→ TASK DATA:
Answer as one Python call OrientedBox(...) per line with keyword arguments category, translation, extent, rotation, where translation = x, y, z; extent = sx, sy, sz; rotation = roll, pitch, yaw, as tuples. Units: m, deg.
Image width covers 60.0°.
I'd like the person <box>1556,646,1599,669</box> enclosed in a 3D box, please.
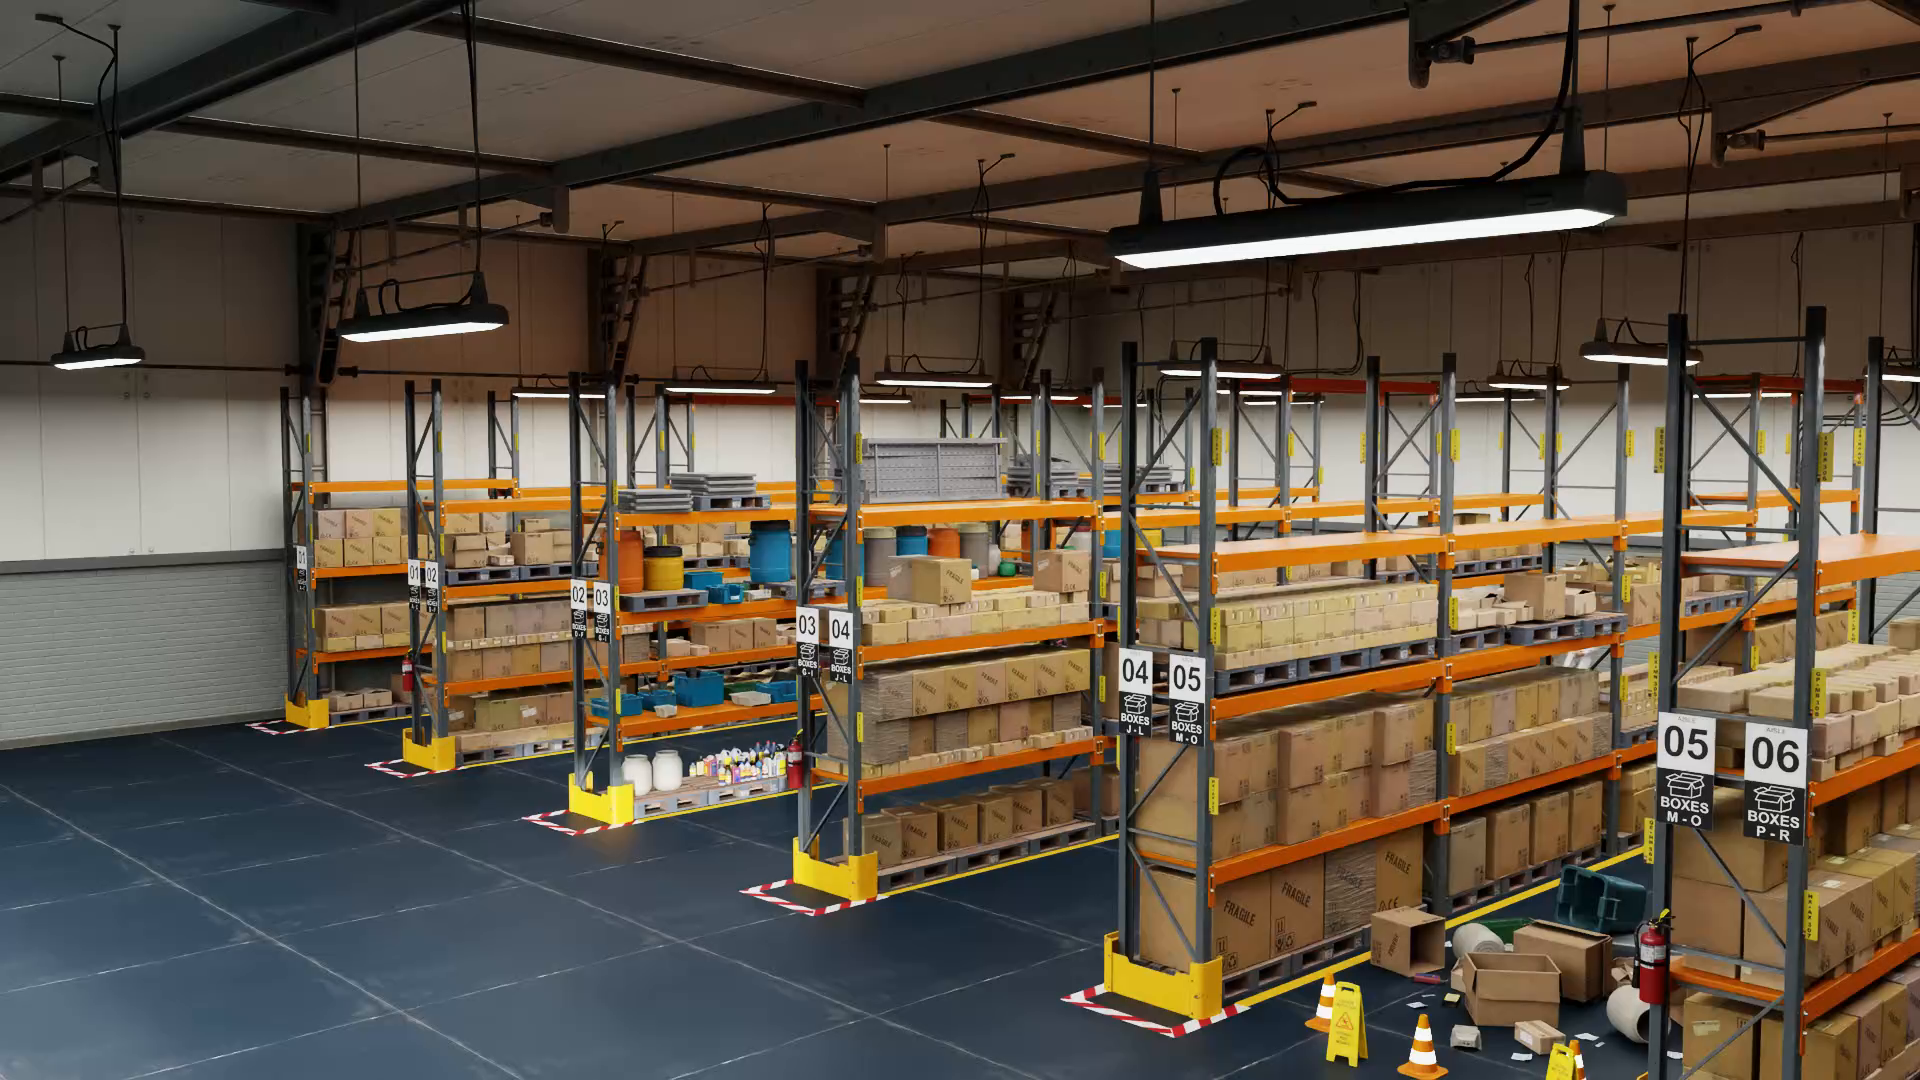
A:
OrientedBox(category="person", translation=(11.932, 2.301, 32.070), extent=(0.803, 1.692, 0.610), rotation=(2, 4, 34))
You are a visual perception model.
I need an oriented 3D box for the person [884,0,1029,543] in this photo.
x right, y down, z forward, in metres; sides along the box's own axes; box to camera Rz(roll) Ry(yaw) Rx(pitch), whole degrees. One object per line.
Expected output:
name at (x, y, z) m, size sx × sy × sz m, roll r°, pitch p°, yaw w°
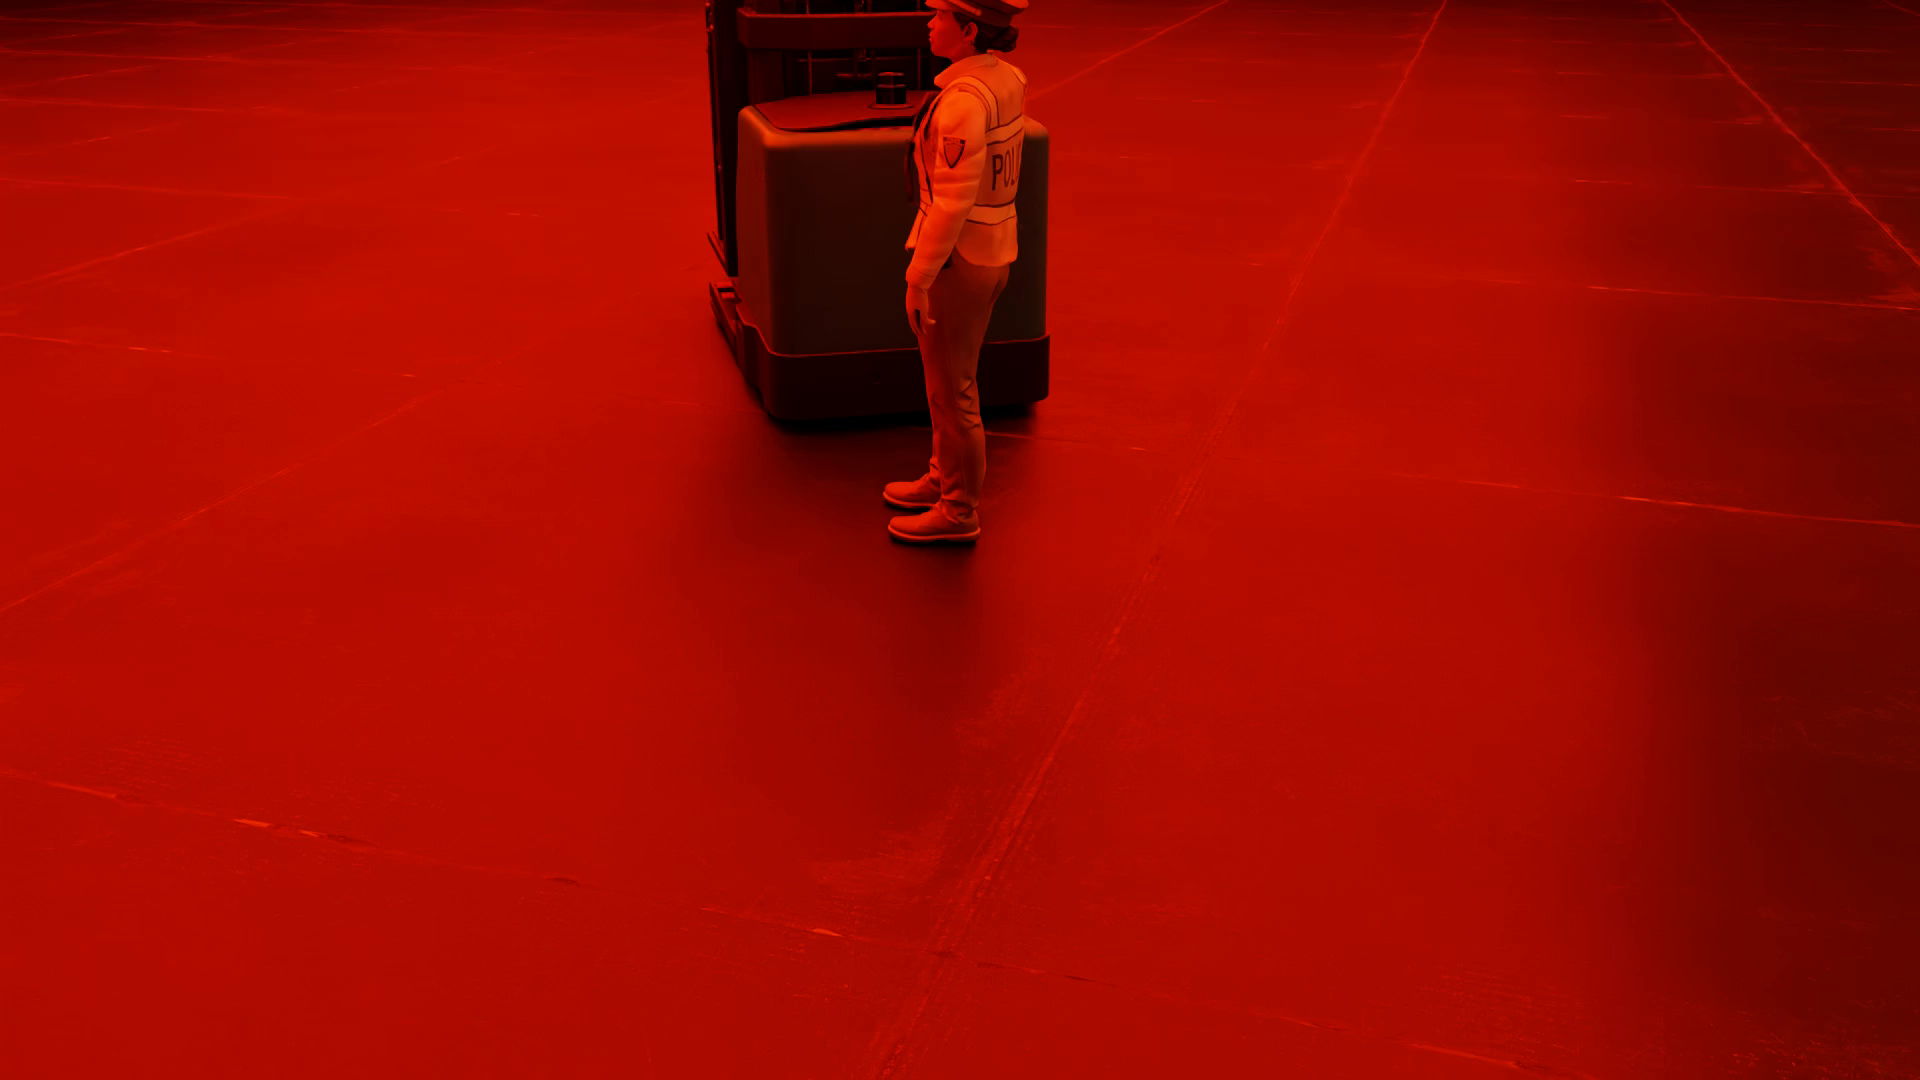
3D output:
person at (-0.063, -0.800, 4.819) m, size 0.531 × 1.695 × 0.588 m, roll 7°, pitch 23°, yaw 16°

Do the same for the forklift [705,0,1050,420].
forklift at (-0.518, -2.317, 6.892) m, size 1.130 × 2.935 × 3.031 m, roll -5°, pitch 23°, yaw -13°

→ WHAT NEEDS TO BE DONE: Return word for word the lines of the listing above, starting at the line with "Image width covers 60.0°." and ending at the line with "You are a visual perception model.", both included. Pictures do not belong in the copy.

→ ANSWER:
Image width covers 60.0°.
I'd like the person <box>1556,646,1599,669</box> enclosed in a 3D box, please.
A:
OrientedBox(category="person", translation=(11.932, 2.301, 32.070), extent=(0.803, 1.692, 0.610), rotation=(2, 4, 34))
You are a visual perception model.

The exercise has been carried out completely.